Aunt Penny started coming to Maine for a week in the summer, when Michael and I moved there for me to go to graduate school; she loved coming back to New England. She came here as a girl with Aunt Dorothea. The family had a house in Salisbury Cove back then. Now retired, she would rent a house down near Bar Harbor, and invite Michael and me to come from Bangor, have dinner, and stay over for a night. The year she rented the house right on Salisbury Cove, it was late September. (She didn't want to fight the summer crowds and it was still plenty warm.) It was 2001. Michael and I had already been to the rental house and had a pleasant visit with Aunt Penny over the weekend. It was now the work week. The evening of September 11th, we drove down to stay with Aunt Penny and together watch the coverage of the Twin Towers. Two days later, with no flights leaving Portland, she left Maine in her rental car and got herself home to Florida in three days. She was 76.

Obituary: Marietta Carr
Marietta Carr died Aug. 8, 2003. She was 78. Carr received a B.S. in zoology from UNH in 1947 and worked at a number of hospitals before joining Abbott Laboratories, North Chicago in 1967. She was named the first woman manager at Abbott in 1968. She joined Alpha Therapeutic Corp., where she was vice president of regulatory affairs—the first woman vice president of a pharmaceutical company—from 1978 to her retirement in 1990.
She is survived by her nephew, Geoffrey Carr; nieces Jennifer Carr Isherwood-Iobst and Linda Carr Farrell, and cousins. Memorial contributions may be made to the Marietta "Penny" and Jane Carr Endowed Fund c/o The UNH Foundation, 9 Edgewood Road, Durham, NH 03824.



1 comment:

  1. I'm glad you came back to Aunt Penny! If I had my doubts about parts of the dinner party piece, I have none here. She is a 'sketch' and this is a sketch-and-a-half. This has all the time, space, and ease I missed in the dinner party one. You liked merging a profile with adult memoir, eh? Certainly reads as if you were on your game here all the way--what makes the difference for you between the usual good piece and an unusually good one?

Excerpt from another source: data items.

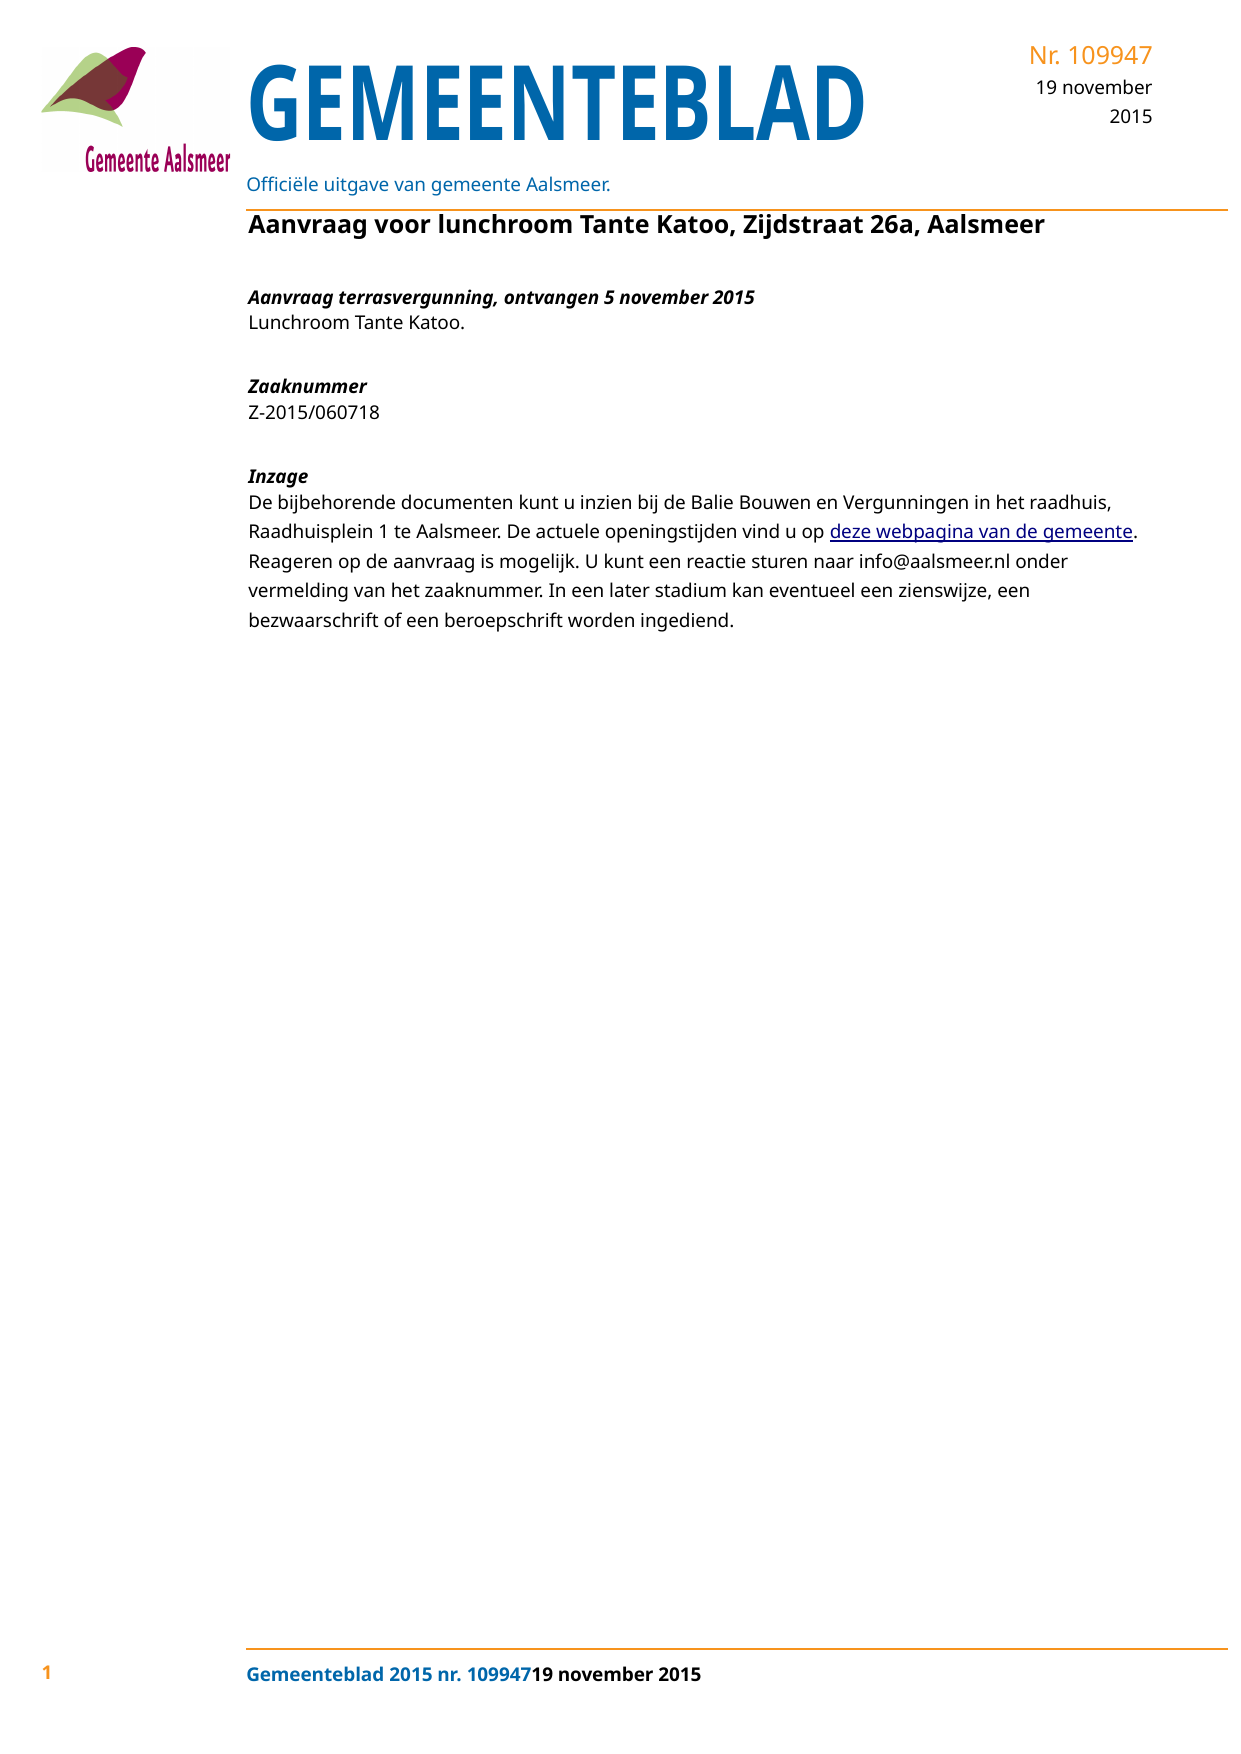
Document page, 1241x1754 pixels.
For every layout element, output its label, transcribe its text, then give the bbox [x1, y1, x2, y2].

text Inzage [248, 463, 1152, 489]
text Aanvraag voor lunchroom Tante Katoo, Zijdstraat 26a, Aalsmeer [248, 211, 1152, 241]
picture [41, 47, 231, 172]
text Z-2015/060718 [248, 399, 1152, 425]
text Zaaknummer [248, 373, 1152, 399]
text ​ [248, 658, 1152, 683]
text De bijbehorende documenten kunt u inzien bij de Balie Bouwen en Vergunningen in het raadhuis, Raadhuisplein 1 te Aalsmeer. De actuele openingstijden vind u op deze webpagina van de gemeente. Reageren op de aanvraag is mogelijk. U kunt een reactie sturen naar info@aalsmeer.nl onder vermelding van het zaaknummer. In een later stadium kan eventueel een zienswijze, een bezwaarschrift of een beroepschrift worden ingediend. [248, 489, 1152, 633]
text Aanvraag terrasvergunning, ontvangen 5 november 2015 [248, 284, 1152, 309]
text Lunchroom Tante Katoo. [248, 309, 1152, 335]

    You do such nice work in those italics, and Penny's tone is identical to the tone in the dinner party--nothing is going to shake those bossy, know-it-all speeches out of your head ever! So good the way this flows from fact to factoid to italicized monologue to action to whatever you next have in store for the reader.

    Again, I wonder why this is so strong, while the piece on independence last week had only those few images to stick with the reader. What differences in origin of material, process of writing, and so on?

    Last note: devastating that her idea of a great read was 'Of Human Bondage' with its miserable, parasitic, cruel Mildred as its centerpiece.